Responding to literature is a skill that can be workshopped too. When students are reading the whole class texts on their own, I’ve lately been dividing the text into sections, with the intent of allowing us to focus on distinct “acts” within the group. (For example, when reading Gatsby, I call the last section “After The Parties End…” and we focus on the fallout of the characters’ choices.) This gives us a manageable numbers of responses to work with, as opposed to one per chapter. We can take time to explore what a response should be, and have a couple of tries to do our best version of one.
We can also explore texts through creative writing. We can write alternate scenes, or from a different viewpoint. We can use the text as inspiration for poetry. These are things we could take into our writer’s workshops, to play with, explore and develop.
I feel we’d be remiss to ignore that there should be something in the text that we can use as a mentor text. It might be as small as sentence study, or as large as the development of the plot of such a work. I’m making great assumptions here, but in all likelihood, a mandated text would be from the canon. Though there are issues of things such as diversity and representation in many of these texts, they are also, as much as it may trouble us, fine examples of literature. We must take the opportunity to engage with the craft of the text, and make good on our responsibility to discuss the things that make some of these books troublesome for us.
Experience allows me to do these things with a level of confidence. Earlier in my career, I didn’t have that confidence. I found mentors and colleagues that supported me. Reach out. If you’ve never done a text, reach out to someone who has. Most of us are willing to share what’s worked for us. Sit down with a group of people doing the same text, notebooks open, and talk about what your goals and needs are. Collaboration is key in so much of our work.

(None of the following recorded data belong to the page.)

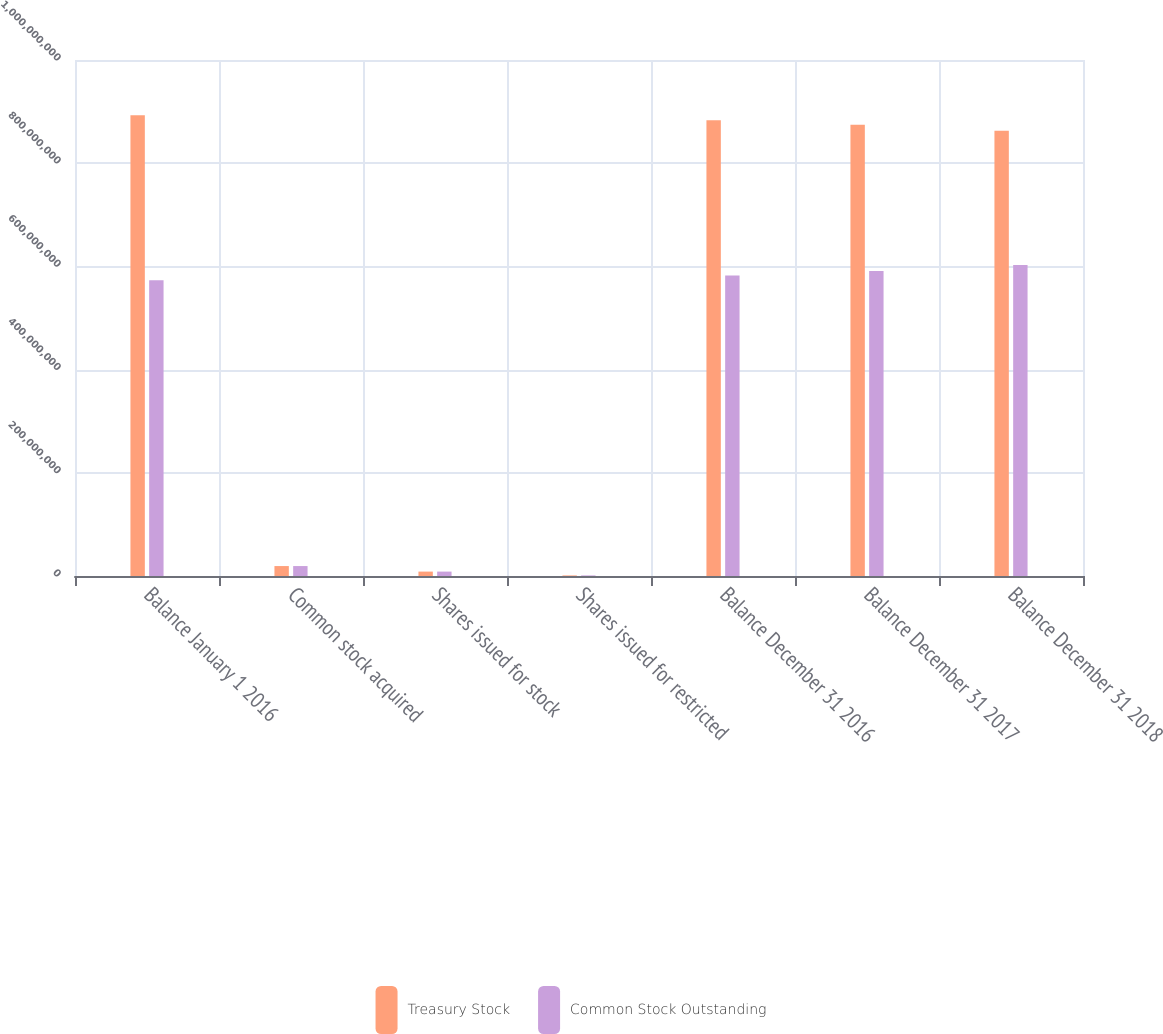Convert chart. <chart><loc_0><loc_0><loc_500><loc_500><stacked_bar_chart><ecel><fcel>Balance January 1 2016<fcel>Common stock acquired<fcel>Shares issued for stock<fcel>Shares issued for restricted<fcel>Balance December 31 2016<fcel>Balance December 31 2017<fcel>Balance December 31 2018<nl><fcel>Treasury Stock<fcel>8.92739e+08<fcel>1.92713e+07<fcel>8.53664e+06<fcel>1.10511e+06<fcel>8.83109e+08<fcel>8.74701e+08<fcel>8.62913e+08<nl><fcel>Common Stock Outstanding<fcel>5.72968e+08<fcel>1.92713e+07<fcel>8.53664e+06<fcel>1.10511e+06<fcel>5.82597e+08<fcel>5.91005e+08<fcel>6.02794e+08<nl></chart> 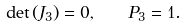<formula> <loc_0><loc_0><loc_500><loc_500>\det \left ( { J _ { 3 } } \right ) = 0 , \quad P _ { 3 } = 1 .</formula> 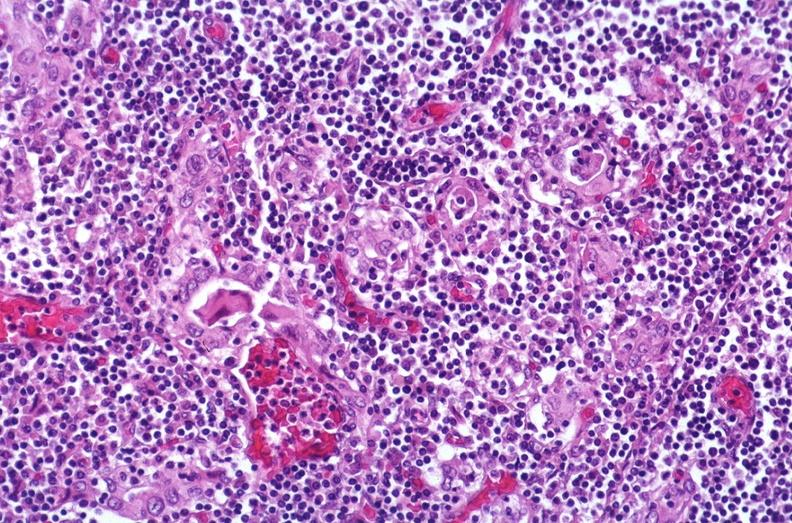what is present?
Answer the question using a single word or phrase. Endocrine

Britt, I’m not sure if any of this helped, but I hope it will in some way. As challenging as it may seem, I sometimes feel like the secret to dealing with a mandated text is just figuring out how to make it complement the things that you’ve chosen to do in your classroom. The true beauty of any text is that they can be so easily adapted to whatever purposes we hold for them. Texts are tools, and if we are only allowed to use certain tools, we must figure out how to best use them to make what we want.
How do you handle mandated texts? What are some engaging writing tasks that can be used with any text?
Leave a comment below or find me on Twitter @doodlinmunkyboy!
-Jay
Hi Jay,
Thank you for this post! I agree that the whole class text has become tarnished in recent years because of misperceptions linking this type of study with mindless chapter questions and prescriptive essays. In reality, when used in the context of a workshop approach, a whole class text can be a wellspring of vibrant thinking, writing and discussion. My students enjoyed our shared texts so much last year that many of them began asking in the early days of school this year about when we could read a ‘class book’ again. I think it’s important to balance collective readings with independent reading cycles that give students choice. As Smith and Wilhelm suggest, we need to “unbind” students’ reading lives.
Many teachers have mandated texts as well, yet as you point out, there is tremendous professional freedom within those constraints to approach the texts in engaging ways. When teachers have their students’ best interests at heart, even a mandated text can become a thing of beauty.